Unfortunately no one system can service a load above own capacity, it's why DoS attacks are possible and they really work, we can even see them during Black Friday and other similar events.
It's true. My latest web server has the problem for servicing websocket requests, so I hope you will teach me how to get over the problem. Here is URL just in case.
If you don't use these stacks then it's just an address space. If you use them then you would use them in async, too.
That was solved decades ago. Sadly it requires changes to OS kernel and people would rather build Goldberg machines like async than go and change their OS kernel…

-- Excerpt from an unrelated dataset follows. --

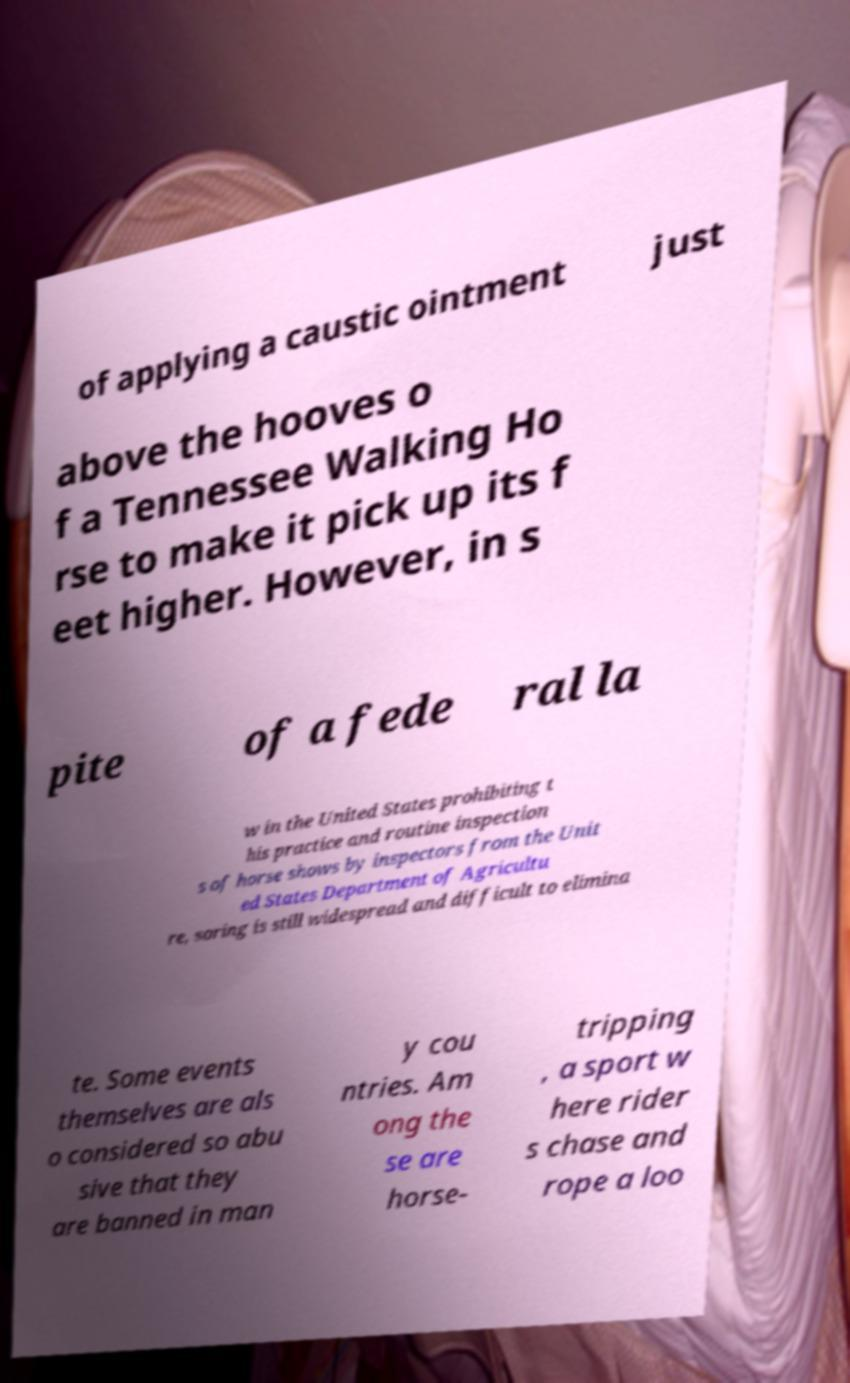There's text embedded in this image that I need extracted. Can you transcribe it verbatim? of applying a caustic ointment just above the hooves o f a Tennessee Walking Ho rse to make it pick up its f eet higher. However, in s pite of a fede ral la w in the United States prohibiting t his practice and routine inspection s of horse shows by inspectors from the Unit ed States Department of Agricultu re, soring is still widespread and difficult to elimina te. Some events themselves are als o considered so abu sive that they are banned in man y cou ntries. Am ong the se are horse- tripping , a sport w here rider s chase and rope a loo 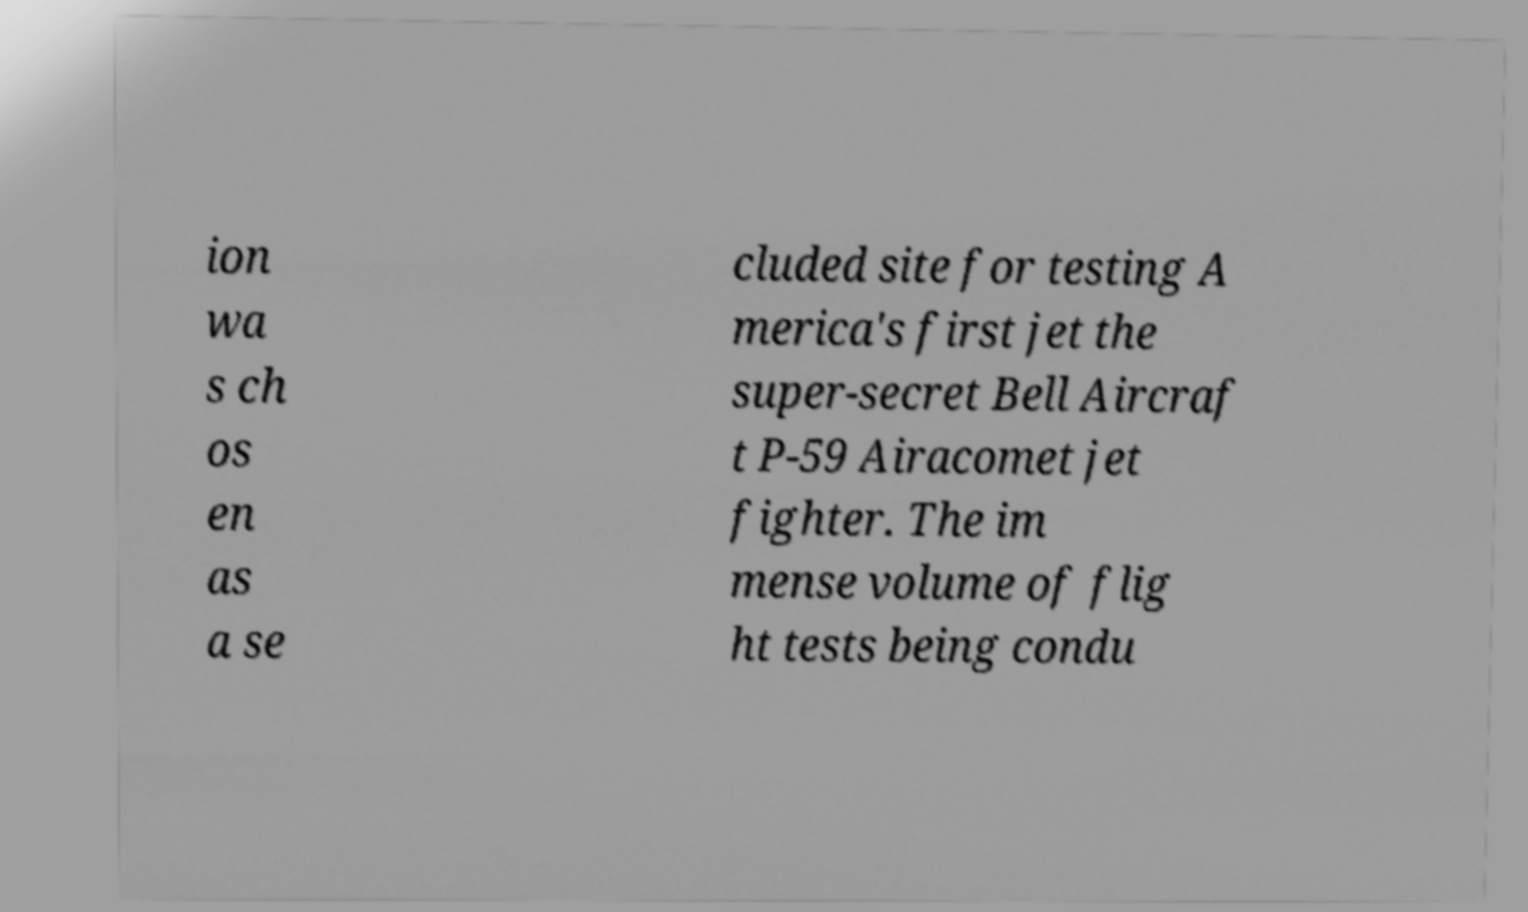Could you extract and type out the text from this image? ion wa s ch os en as a se cluded site for testing A merica's first jet the super-secret Bell Aircraf t P-59 Airacomet jet fighter. The im mense volume of flig ht tests being condu

It's the same reason for why QUIC is layered on top of UDP: in theory TCP/IP should support something like QUIC natively, in practice you have to deal with idiocy of network equipment developers thus Goldberg machines is the way to do.
Same with async: in a sane world it would have been used exclusively where it makes sense — as a replacement for threads noth together with threads… but we don't live in a sane world.
I built some protection against DoS attacks in my web server, it monitors the number of requests from an IP (or logged on user), and also the socket read/write bytes, and has a budget for each. I don't know how effective it would be against a real attack as I never saw one. It is written with Tokio.
True. People migrated from cooperative multitasking (Win3.11, classic Mac OS) to preemptive (timer-based) one, and then... migrated back as every single language has async/await nowadays. And they also introduced function-coloring. The only exception here is Go as they replace blocking functions with non-blocking in goroutines afair.
..but we have NAT and NAT uses TCP or UDP ports so we have to use UDP or patch every single router on the Internet.
This world is full of strange solutions: People send Base64-encoded binary data via JSON via REST via HTTP instead of bare TCP. Or they invent a scripting language without static types and then create linters to check types. They implement GC and then explicitly close resources as GC doesn't have "drop"/descrutors. And so on..
No need to imagine. The following code works fine on my computer without even needing to adjust ulimits:
use std::{
thread::{sleep, spawn},
time::Duration};
fn main() {
let mut threads = Vec::new();
for i in 0..10000 {
threads.push(spawn(move ||{
sleep(Duration::from_secs(1));
i
}));
}
let mut res = Vec::new();
for t in threads {
res.push(t.join().unwrap());
}
println!("{:?}", res);
}
The C10k problem is over 20 years old now; the state of the art has changed by a few orders of magnitude since then.
The real reason nobody uses that solution is that Google never released it. I suppose somebody could try to reproduce it, but most OSS people lack something like Google's infrastructure to test on (and "we're still working on this" tends to have a dampening effect on that kind of effort springing up).